For the 24 hours to 23:00 GMT, the EUR slightly rose against the USD and closed at 1.1337 on Friday.
On the data front, the Euro-zone’s final consumer price inflation slowed for the third consecutive month to 1.4% on an annual basis in January, confirming the preliminary print and in line with market expectations. In the previous month, the CPI had recorded a revised rise of 1.5%.

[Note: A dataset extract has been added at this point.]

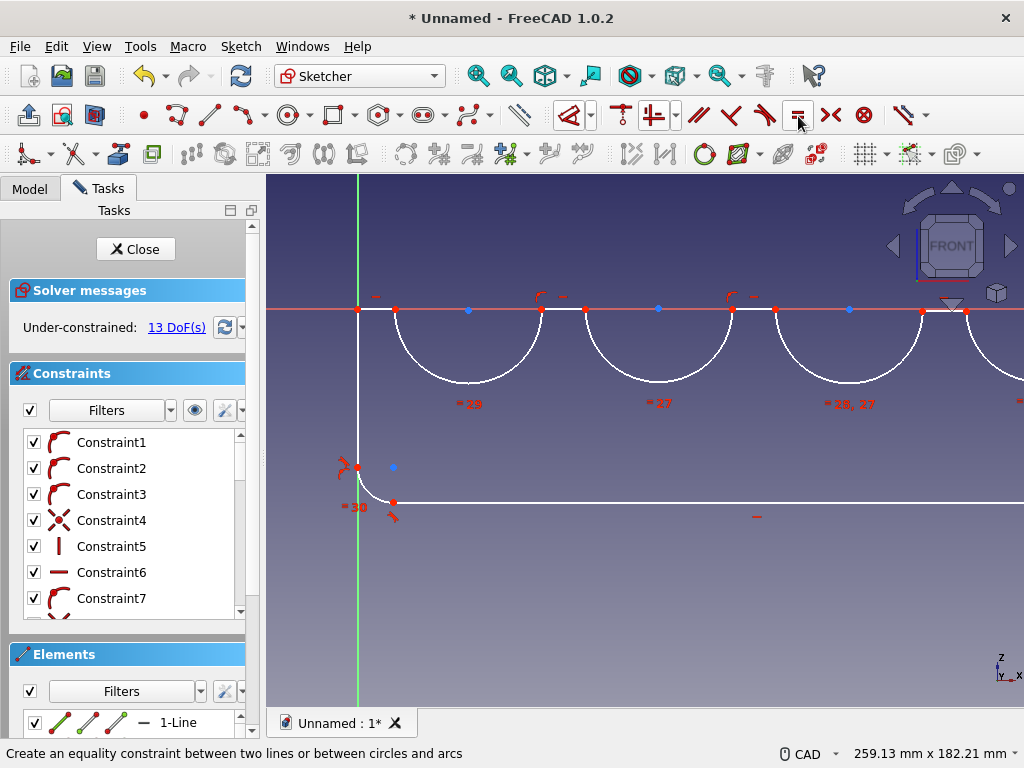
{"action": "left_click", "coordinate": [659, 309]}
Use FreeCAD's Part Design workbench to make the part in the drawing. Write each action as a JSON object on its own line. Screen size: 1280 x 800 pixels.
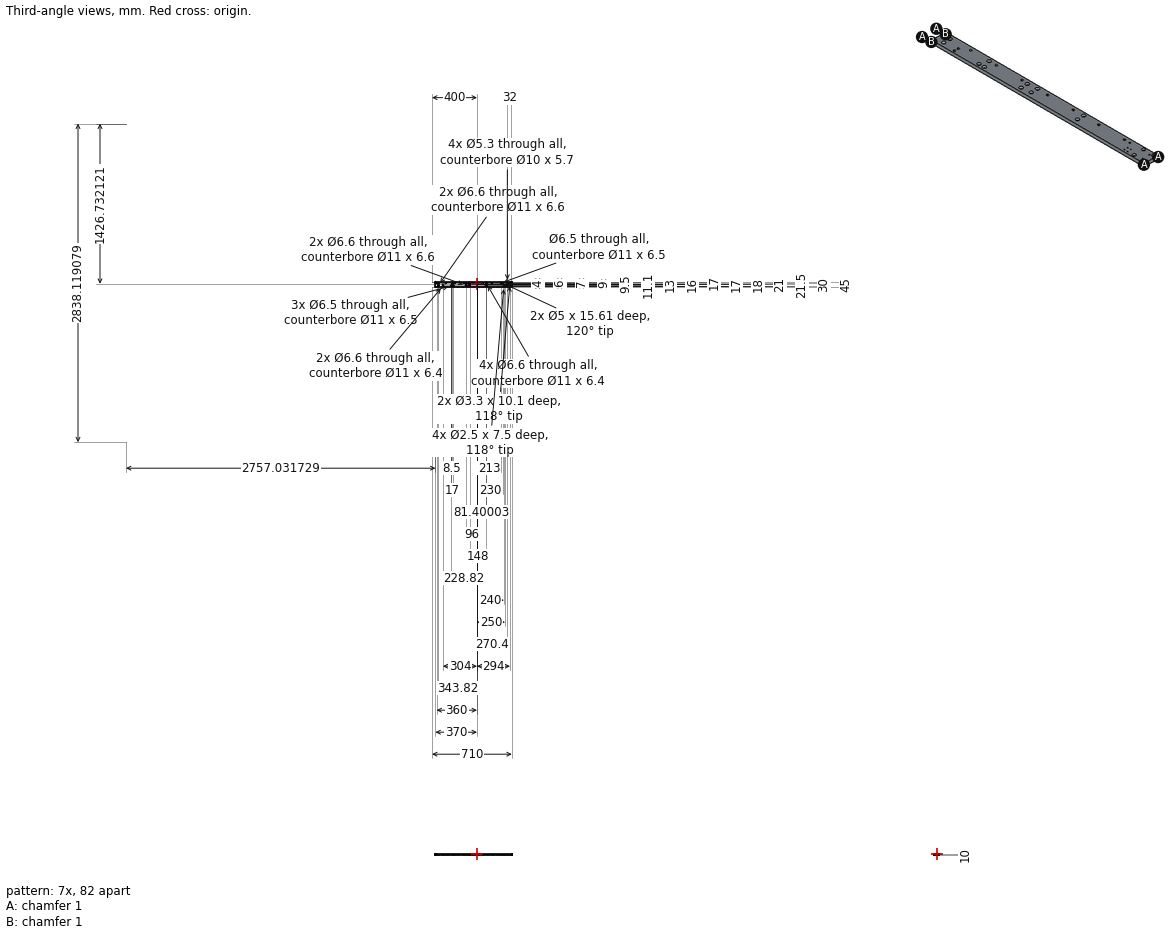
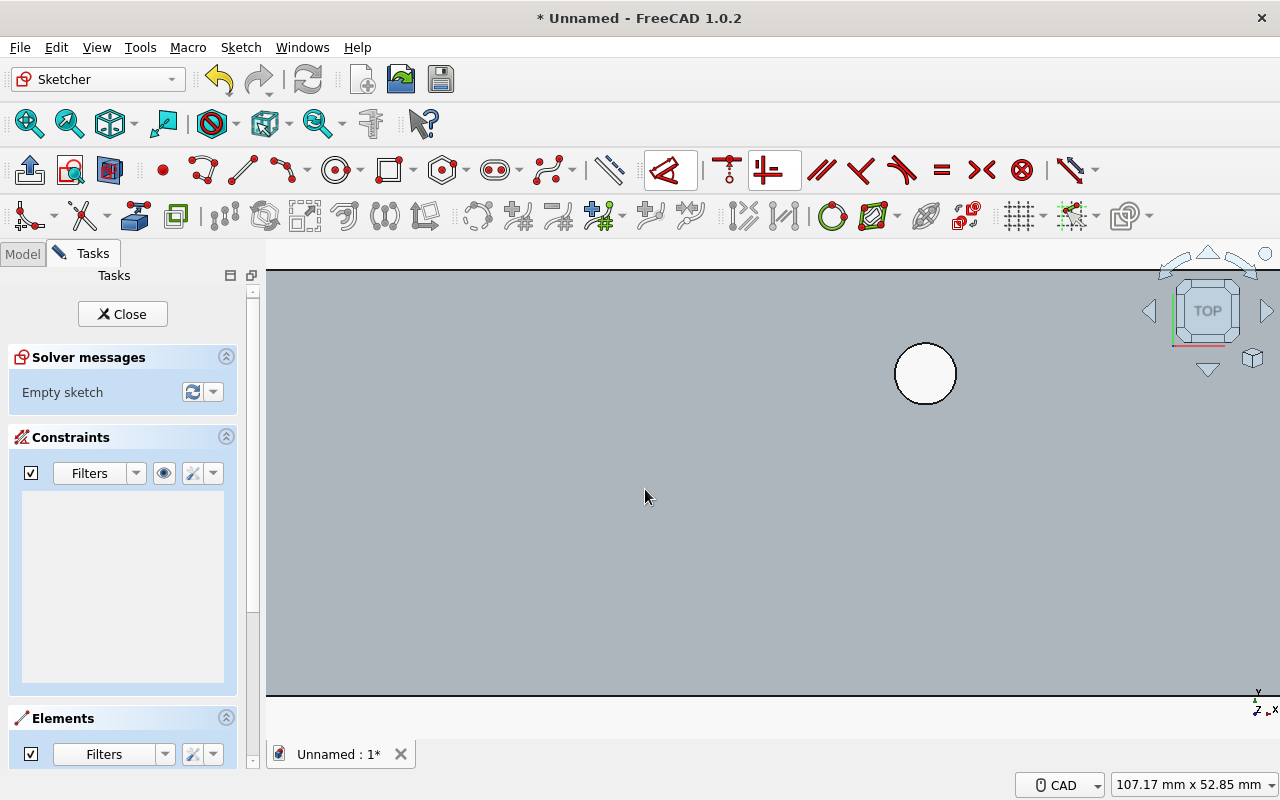
{"action": "left_click", "coordinate": [336, 170]}

Separately, in Germany, seasonally adjusted final gross domestic product (GDP) remained steady on a quarterly basis in the fourth quarter of 2018, at par with market expectations and confirming the preliminary print. In the prior quarter, GDP had registered a drop of 0.2%. Meanwhile, the nation’s Ifo business climate index slid to its lowest level since December 2014 to 98.5 in February, compared to a revised level of 99.3 in the prior month. Market participants had envisaged the index to ease to a level of 98.9. Moreover, the Ifo business expectations index unexpectedly declined to a level of 93.8 in February, defying market expectations for an unchanged reading. In the prior month, the index had registered a revised level of 94.3. Further, the Ifo current assessment index dropped to a level of 103.4 in February, more than market consensus for a decline to a level of 103.9. In the preceding month, the index had registered a revised reading of 104.5.
In the Asian session, at GMT0400, the pair is trading at 1.1342, with the EUR trading a tad higher against the USD from Friday’s close.

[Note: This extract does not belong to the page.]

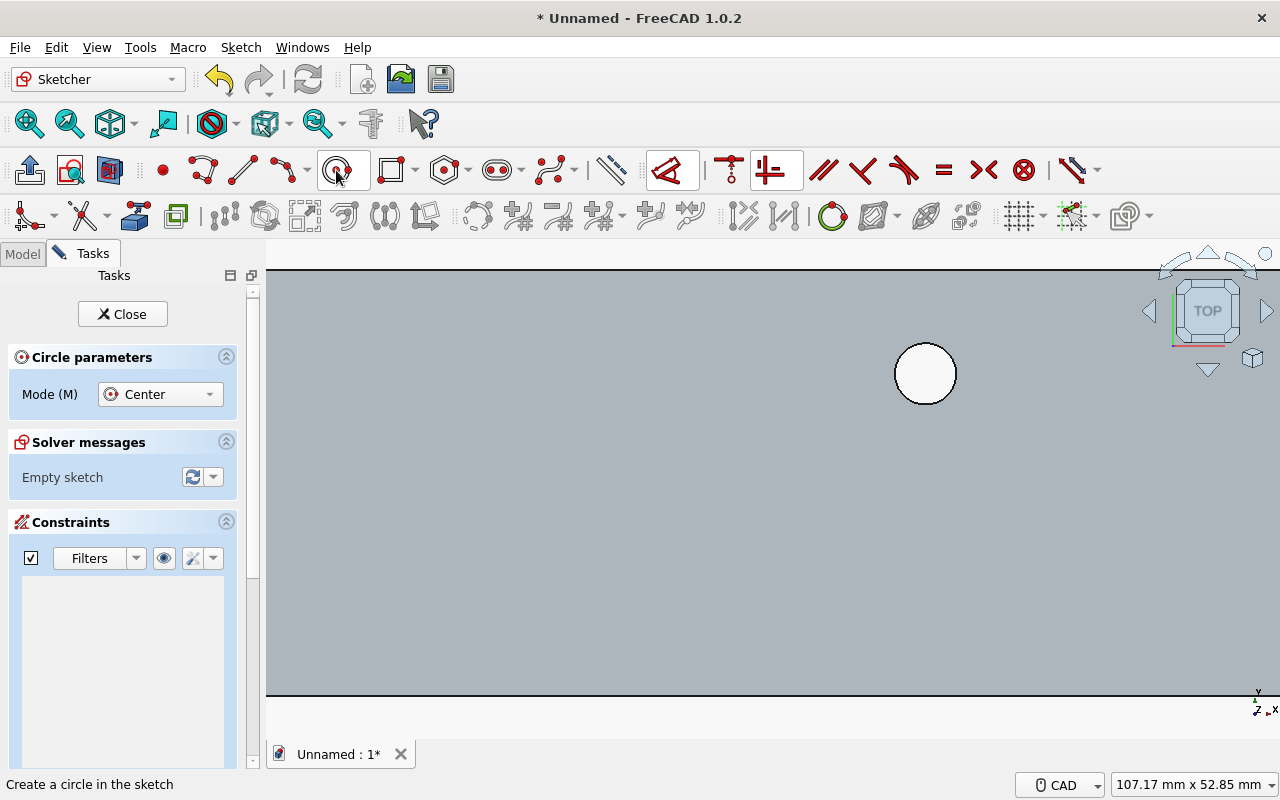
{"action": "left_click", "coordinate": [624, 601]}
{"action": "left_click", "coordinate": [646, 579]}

The pair is expected to find support at 1.1320, and a fall through could take it to the next support level of 1.1298. The pair is expected to find its first resistance at 1.1360, and a rise through could take it to the next resistance level of 1.1378.
Amid lack of macroeconomic releases in the Euro-zone’s today, traders would focus on the US Chicago Fed national activity index for January and the Dallas Fed manufacturing activity for February, scheduled to release later in the day.
The currency pair is showing convergence with its 20 Hr and 50 Hr moving averages.